Work to complete: When you copy the data that follows, reproduce every word exactly and leave out the images.

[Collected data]
▼▼▼

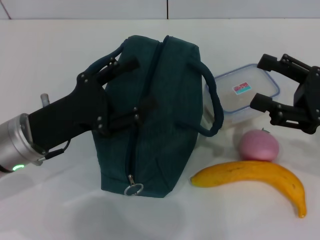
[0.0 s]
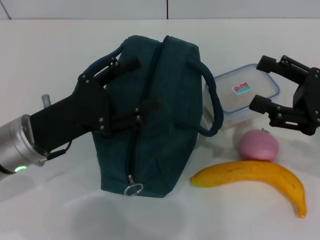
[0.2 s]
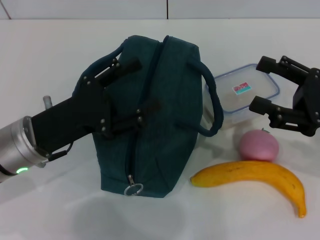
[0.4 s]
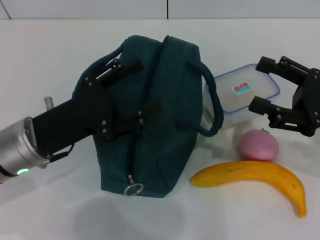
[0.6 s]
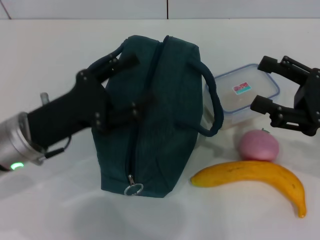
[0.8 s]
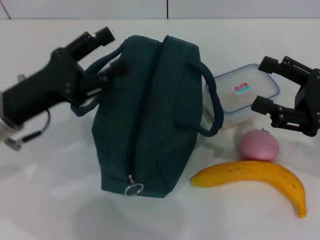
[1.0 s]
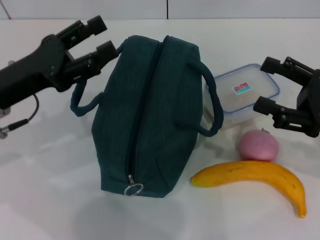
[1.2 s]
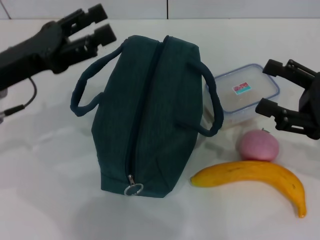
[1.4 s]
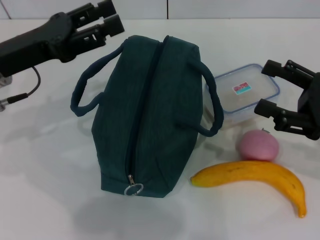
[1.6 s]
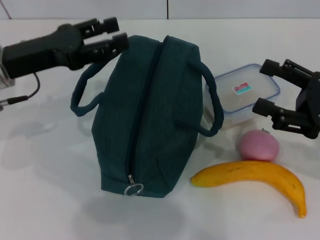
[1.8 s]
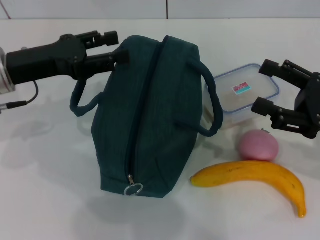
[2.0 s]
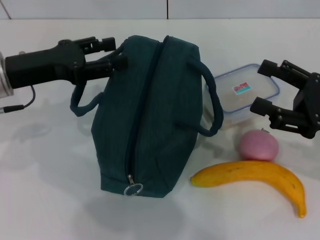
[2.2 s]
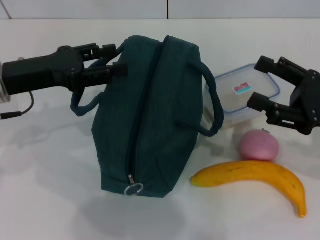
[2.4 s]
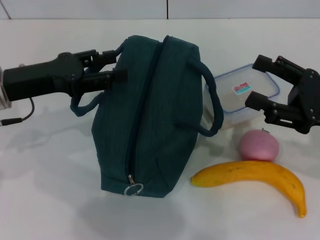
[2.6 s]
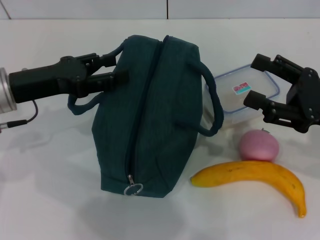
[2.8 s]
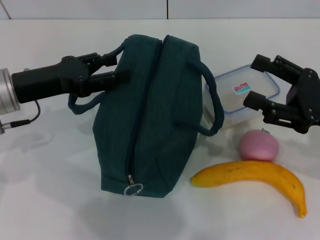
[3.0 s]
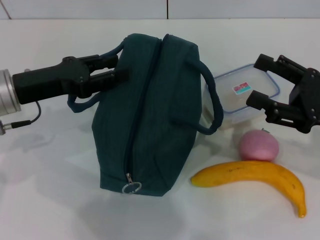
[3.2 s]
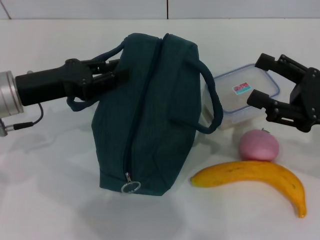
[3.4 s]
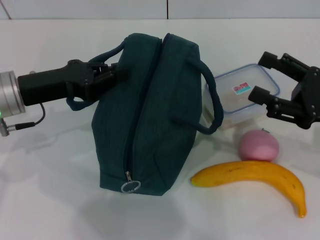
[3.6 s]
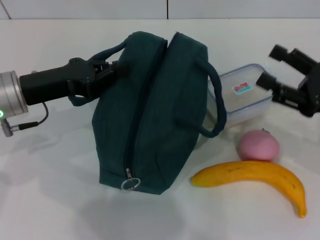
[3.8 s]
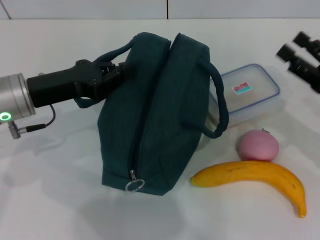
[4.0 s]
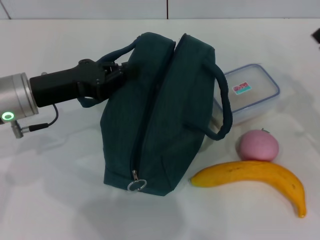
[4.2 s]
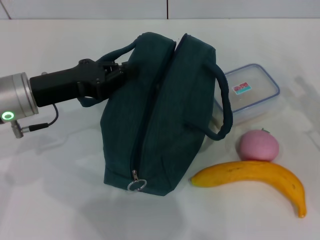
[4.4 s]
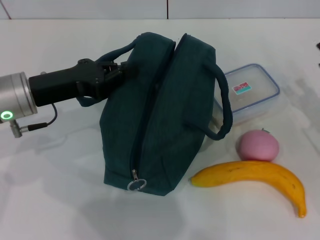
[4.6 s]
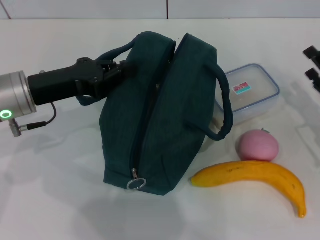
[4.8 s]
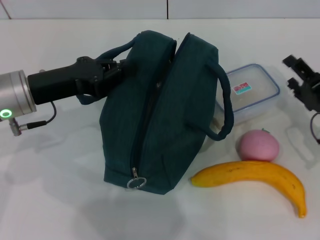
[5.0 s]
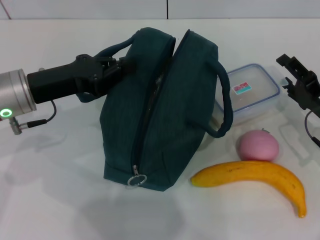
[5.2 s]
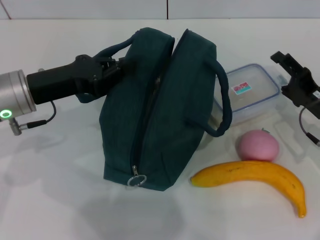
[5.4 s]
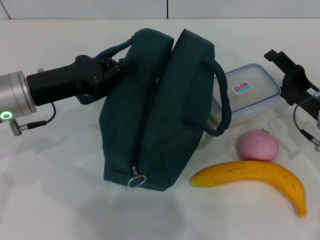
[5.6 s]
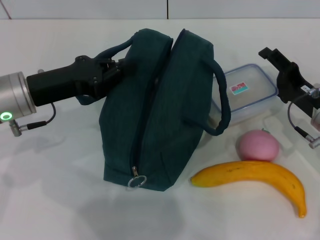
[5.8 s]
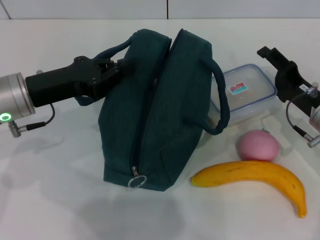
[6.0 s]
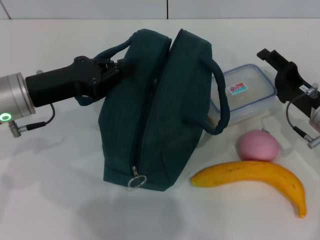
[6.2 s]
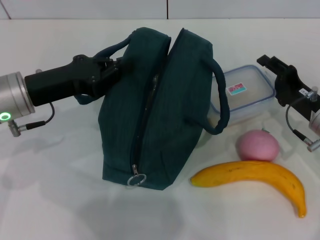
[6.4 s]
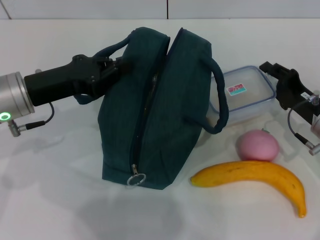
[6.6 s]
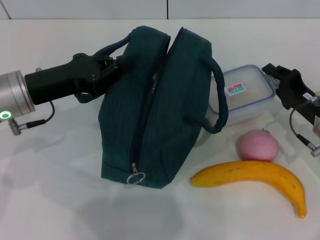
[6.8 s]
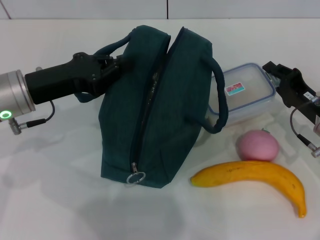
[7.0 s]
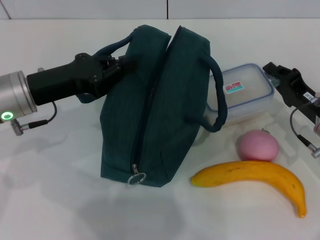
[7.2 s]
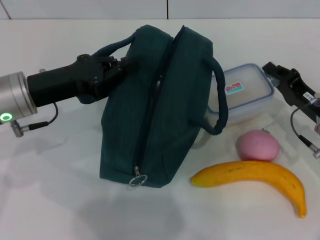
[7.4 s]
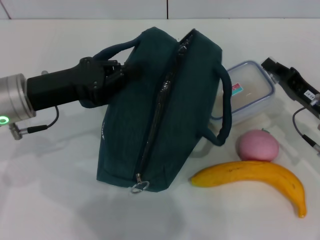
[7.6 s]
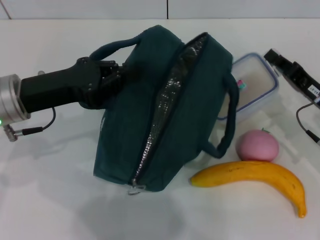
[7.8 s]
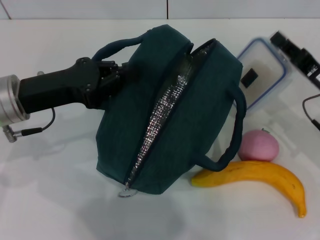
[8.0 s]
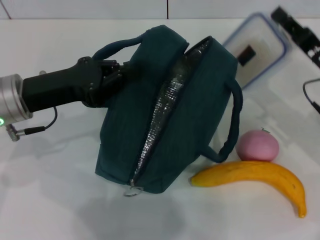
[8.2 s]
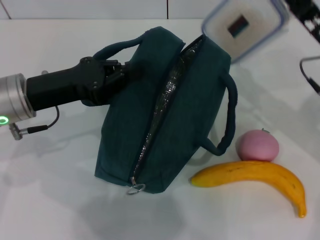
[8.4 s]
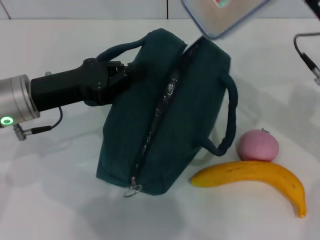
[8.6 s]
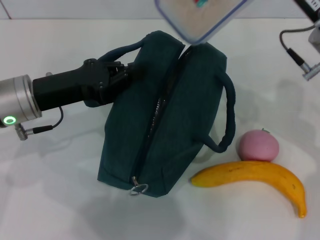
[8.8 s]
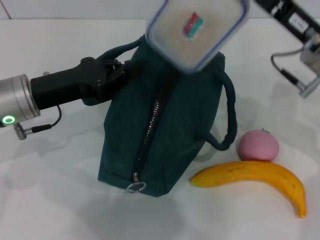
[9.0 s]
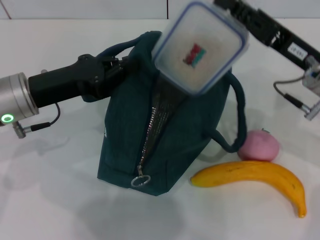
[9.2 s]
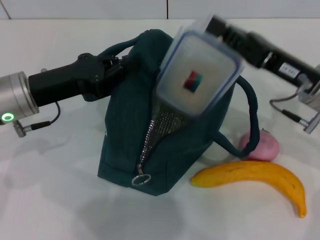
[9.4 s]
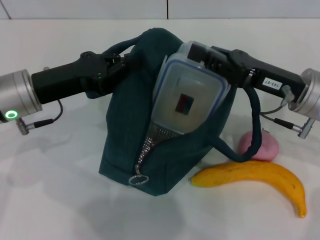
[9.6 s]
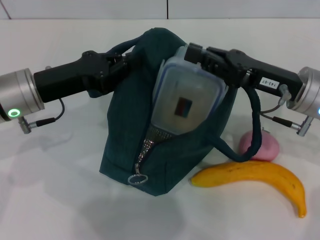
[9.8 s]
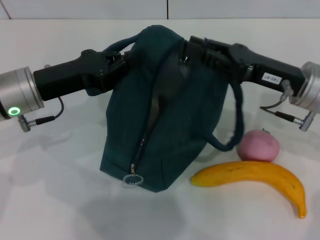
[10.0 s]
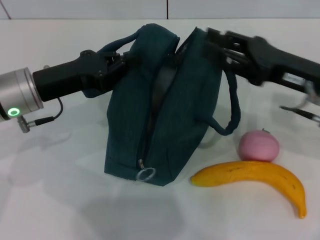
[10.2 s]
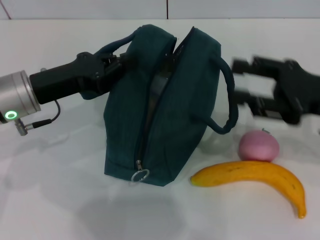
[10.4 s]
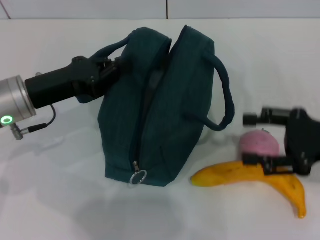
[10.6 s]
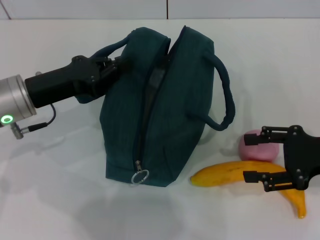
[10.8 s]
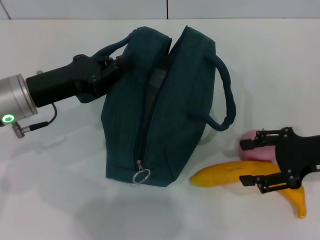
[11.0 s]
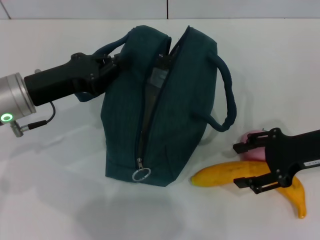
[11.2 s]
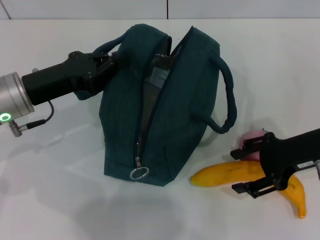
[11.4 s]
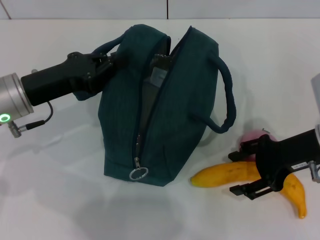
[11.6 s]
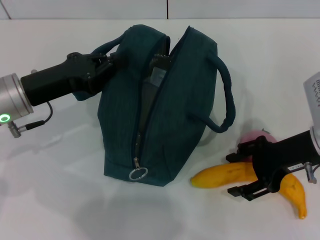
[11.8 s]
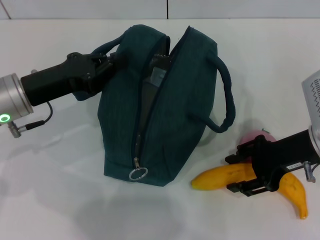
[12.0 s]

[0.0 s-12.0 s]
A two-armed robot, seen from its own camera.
Step, 0.0 to 4.0 s: Hold the lunch bag with your left hand.
Step, 4.2 to 7.0 s: Pick up the lunch box with your right hand.
Step, 7.2 to 10.0 s: Place the lunch box into the lunch bag with your right hand.
0.0 to 1.6 s: The left gripper moves forward and upward, roughly 10 cm.
1.6 to 3.0 s: The grippers move only a little.
3.0 to 4.4 s: The left gripper closes its fingers. Meanwhile the right gripper is displaced downward by approximately 5 cm.
4.4 to 6.0 s: The right gripper travels to the left by some 5 cm.
6.0 to 7.6 s: The right gripper closes its fingers.
7.6 to 9.0 s: The right gripper goes roughly 15 cm upward and to the left.
9.0 to 10.4 s: The right gripper is displaced to the right by approximately 5 cm, and opens up.
10.4 to 12.0 s: The right gripper changes place by about 5 cm.

▲▲▲

Written reply:
[0.0 s]
[0.2 s]
[0.4 s]
[0.6 s]
[0.8 s]
[1.0 s]
[1.2 s]
[1.4 s]
[1.6 s]
[1.8 s]
[2.0 s]
[2.2 s]
[2.4 s]
[2.6 s]
[2.8 s]
[3.0 s]
[3.2 s]
[3.4 s]
[3.6 s]
[3.8 s]
[4.0 s]
[4.2 s]
[4.4 s]
[4.6 s]
[4.8 s]
[5.0 s]
[5.2 s]
[5.4 s]
[5.6 s]
[5.8 s]
[6.0 s]
[6.2 s]
[6.4 s]
[6.6 s]
[6.8 s]
[7.0 s]
[7.2 s]
[7.4 s]
[7.6 s]
[7.8 s]
[8.0 s]
[8.2 s]
[8.4 s]
[8.6 s]
[8.8 s]
[9.0 s]
[9.2 s]
[9.4 s]
[9.6 s]
[9.8 s]
[10.0 s]
[10.2 s]
[10.4 s]
[10.6 s]
[10.8 s]
[11.0 s]
[11.2 s]
[11.4 s]
[11.6 s]
[11.8 s]
[12.0 s]

[0.0 s-12.0 s]
A two-armed robot, seen from its own camera.
Step, 0.0 to 4.0 s: Hold the lunch bag with your left hand.
Step, 4.2 to 7.0 s: Pick up the lunch box with your right hand.
Step, 7.2 to 10.0 s: Place the lunch box into the lunch bag with your right hand.
0.0 to 1.6 s: The left gripper moves forward and upward, roughly 10 cm.
1.6 to 3.0 s: The grippers move only a little.
3.0 to 4.4 s: The left gripper closes its fingers. Meanwhile the right gripper is displaced downward by approximately 5 cm.
4.4 to 6.0 s: The right gripper travels to the left by some 5 cm.
6.0 to 7.6 s: The right gripper closes its fingers.
7.6 to 9.0 s: The right gripper goes roughly 15 cm upward and to the left.
9.0 to 10.4 s: The right gripper is displaced to the right by approximately 5 cm, and opens up.
10.4 to 12.0 s: The right gripper changes place by about 5 cm.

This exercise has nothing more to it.